Variable Prepaid Forward ("VPF") Contracts

A Brief Introduction

 

Analysis

A VPF Contract is a tax-deferred forward sale of a block of eligible shares. It is a contractual arrangement, generally between the concentrated shareholder and an institutional investor, that involves a cash advance to the shareholder, a pledge of shares, and the shareholder's promise of the future delivery of a variable number of the shares.

The cash advance may be higher than would be permitted in a margin account and generally ranges from 65% to 90% of the value of the shares involved. The shareholder may employ the cash advance to  diversify his investments or for any other purpose. No interest is paid during the term of the VPF Contract; however, at the time of settlement of the contract, the shareholder must deliver an agreed minimum value of shares, plus additional shares representing a share of value above an agreed discounted base figure. Tax recognition occurs at settlement.

Contract terms are generally for three years or less, though terms of up to five years may be available. The minimum dollar amount is typically $1 million in stock value and may exceed $3 million.

For regulatory purposes, the VPF Contract represents a sale of securities, although the shareholder can continue to collect dividends and vote in company affairs until settlement.
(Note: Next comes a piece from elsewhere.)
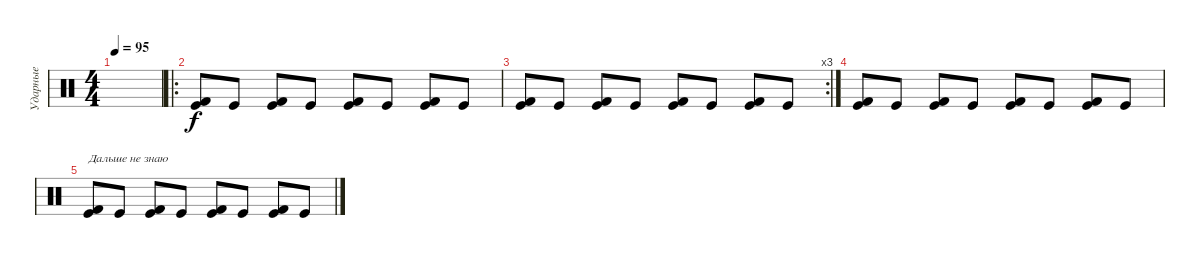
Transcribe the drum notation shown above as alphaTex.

Typically, the shareholder may also opt to settle the contract with cash, rather than deliver the shares.

Because it is backed by an institutional investor, the VPF Contract provides a robust form of risk management for the concentrated shareholder. Indeed, the agreed minimum value has already been prepaid by the institutional investor. The economics of this strategy are similar to a Protective Put option transaction in that the lower the floor value (or the lower the cash advance), and the shorter the term, the less risk is involved on the part of the counterparty and the less costly the transaction should be for the shareholder. 

 

 

In assessing the economics of a particular VPF Contract proposal, consider the transaction to be a loan combined with a put option and a call option. Each of these components may be valued separately in relation to the current market.

The value and cost of put and call options embedded in a contemplated VPF Contract may be estimated. Note, however, that the same counterparty is highly unlikely to be the best bidder on both legs of a transaction, and pricing by different investors may vary widely.

Competent structuring, bidding and negotiation of terms of a VPF contract are significant factors in its overall utility for a concentrated shareholder.